Patients Skip Follow-Up Tests For Colon Cancer

By ACSH Staff — Sep 21, 2010
Patients are neglecting follow-up fecal blood tests to screen for colon and rectal cancer within the recommended two years of their initial test, researchers of a new study published in the Annals of Family Medicine say. In fact, of the 11,110 recruited study subjects between the ages of 52 and 78 who underwent a fecal occult blood test, 46.8 percent failed to have either a repeat test or any other form of follow-up colorectal cancer screening.

Patients are neglecting follow-up fecal blood tests to screen for colon and rectal cancer within the recommended two years of their initial test, researchers of a new study published in the Annals of Family Medicine say. In fact, of the 11,110 recruited study subjects between the ages of 52 and 78 who underwent a fecal occult blood test, 46.8 percent failed to have either a repeat test or any other form of follow-up colorectal cancer screening.

As opposed to a colonoscopy, which requires anesthesia and sometimes a day off work, a fecal blood test requires patients to take a stool sample themselves and mail it in to a laboratory or doctor’s office. “Fecal blood tests have been shown to possess good predictability as well as low overhead costs to both the patient and the doctor,” explains ACSH's Dr.

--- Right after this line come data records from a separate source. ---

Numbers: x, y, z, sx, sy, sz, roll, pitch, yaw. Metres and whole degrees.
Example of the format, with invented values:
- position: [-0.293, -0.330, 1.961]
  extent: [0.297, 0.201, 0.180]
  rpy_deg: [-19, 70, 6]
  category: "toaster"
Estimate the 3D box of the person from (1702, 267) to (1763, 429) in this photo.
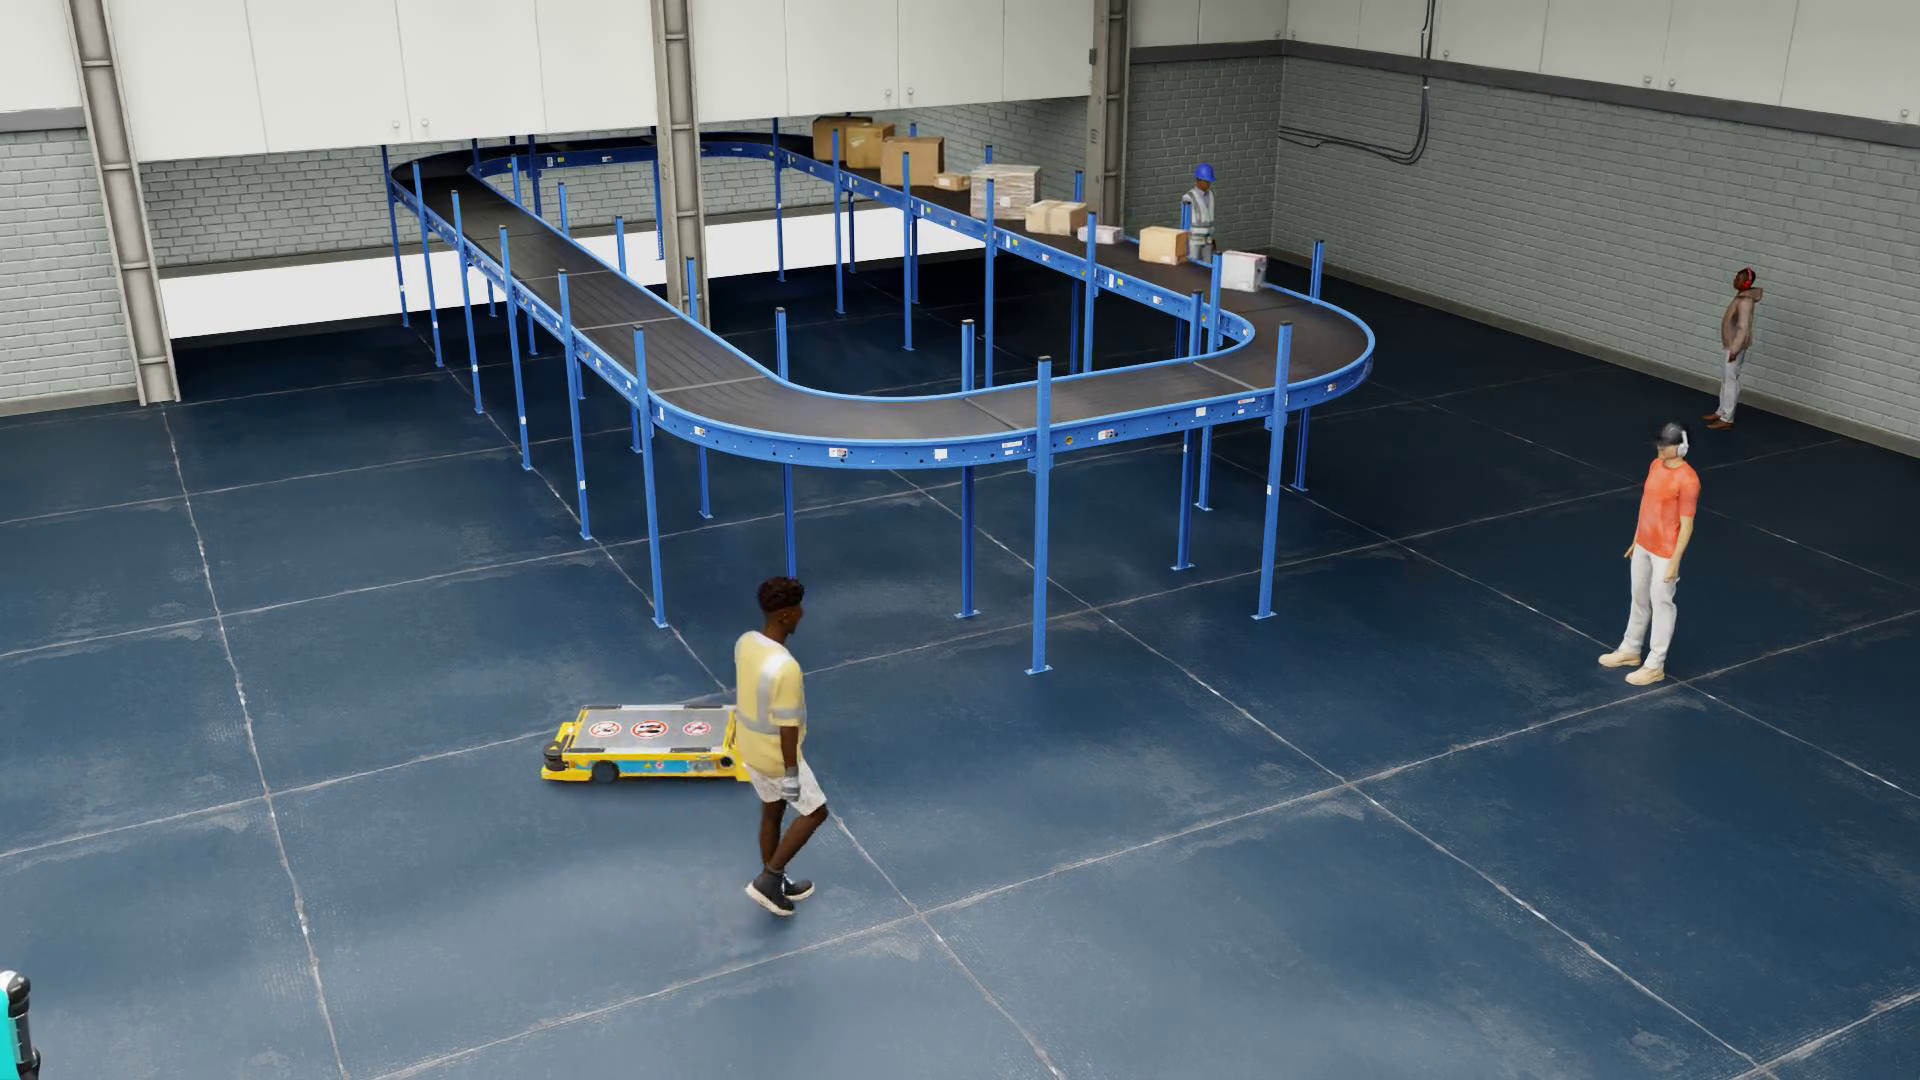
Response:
- position: [7.838, -1.939, 16.819]
  extent: [0.330, 1.651, 0.470]
  rpy_deg: [7, 23, 16]
  category: "person"

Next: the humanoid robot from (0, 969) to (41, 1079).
- position: [-3.793, 2.251, 6.230]
  extent: [0.729, 1.701, 0.530]
  rpy_deg: [7, 23, 17]
  category: "humanoid robot"

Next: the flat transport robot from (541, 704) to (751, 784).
- position: [-1.898, 1.303, 10.654]
  extent: [1.431, 0.231, 0.659]
  rpy_deg: [0, 22, 0]
  category: "flat transport robot"

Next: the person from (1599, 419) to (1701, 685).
- position: [4.799, 0.078, 11.495]
  extent: [0.398, 1.912, 0.474]
  rpy_deg: [-5, 23, -13]
  category: "person"

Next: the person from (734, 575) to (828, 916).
- position: [-0.965, 1.111, 8.893]
  extent: [0.428, 1.941, 0.637]
  rpy_deg: [-13, 26, -30]
  category: "person"

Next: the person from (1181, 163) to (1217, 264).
- position: [3.026, -3.789, 21.025]
  extent: [0.619, 1.933, 0.415]
  rpy_deg: [-19, 29, -38]
  category: "person"
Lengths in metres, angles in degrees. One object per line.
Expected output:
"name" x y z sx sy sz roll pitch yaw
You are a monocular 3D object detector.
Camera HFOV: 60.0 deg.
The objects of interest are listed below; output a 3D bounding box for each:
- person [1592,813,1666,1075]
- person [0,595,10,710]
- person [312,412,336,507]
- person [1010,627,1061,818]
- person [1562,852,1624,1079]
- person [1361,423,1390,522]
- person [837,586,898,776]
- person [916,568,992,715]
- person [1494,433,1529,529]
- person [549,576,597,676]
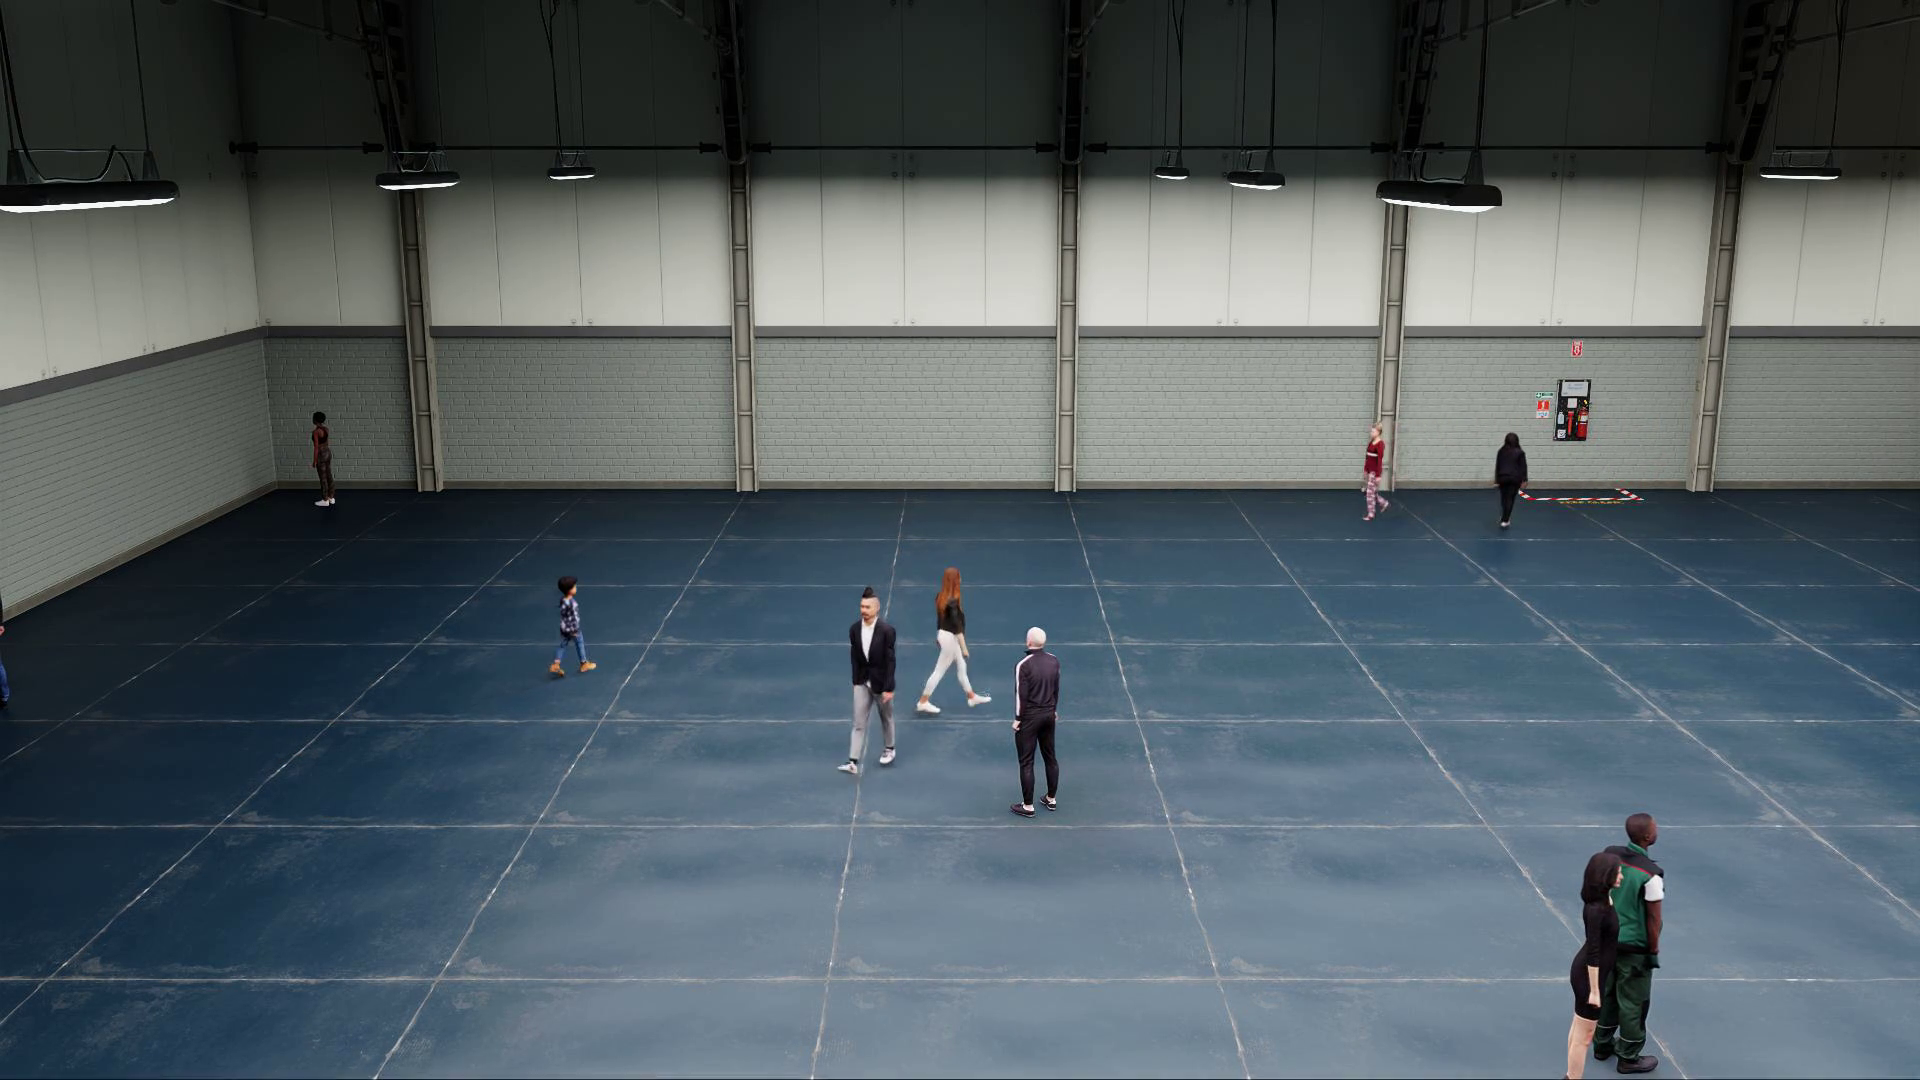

Gilbert Ross. “They’re simple to administer and fairly reliable. It’s a good preliminary test, but it’s definitely not as sensitive or specific as a colonoscopy — which is still the gold standard for diagnosing cancerous and pre-cancerous colon polyps. Further, colonoscopy involves removing polyps as well, so treatment and diagnosis can occur simultaneously.”

But ACSH's Dr. Elizabeth Whelan cautions the tests have their drawbacks. “I would never consider a fecal blood test over a colonoscopy,” she says. “It may be more expensive, but your first colonoscopy is the most important, and if you can get through that one and continue to get it regularly — which is about every five to 10 years — then your chances of getting colon cancer are very small.”

Lead study author Dr. Joshua J. Fenton, assistant professor of family and community medicine at the University of California, Davis, believes a fecal blood test is “a lot like a mammogram or a Pap smear — it’s a test that you need to do on a regular basis if you want it to give you the benefit you’re looking for, reducing your risk of dying of colon cancer.”

“Indeed, it is the lack of follow up after one negative test that becomes problematic. Patients are supposed to do this test every few years because one negative result doesn’t mean you can relax and forget about the problem — you have to keep doing it,” says Dr. Ross.

Drawing upon his previous experience as a practicing physician, Dr. Ross believes physicians should be more vigilant about following up with their patients. “Doctors should have a system for making sure patients’ samples make it back to their office for testing. You have to make sure patients don’t fall through the cracks, and since fecal blood tests are part of a routine physical exam, that shouldn’t be a problem — but as this study shows, it too often is.”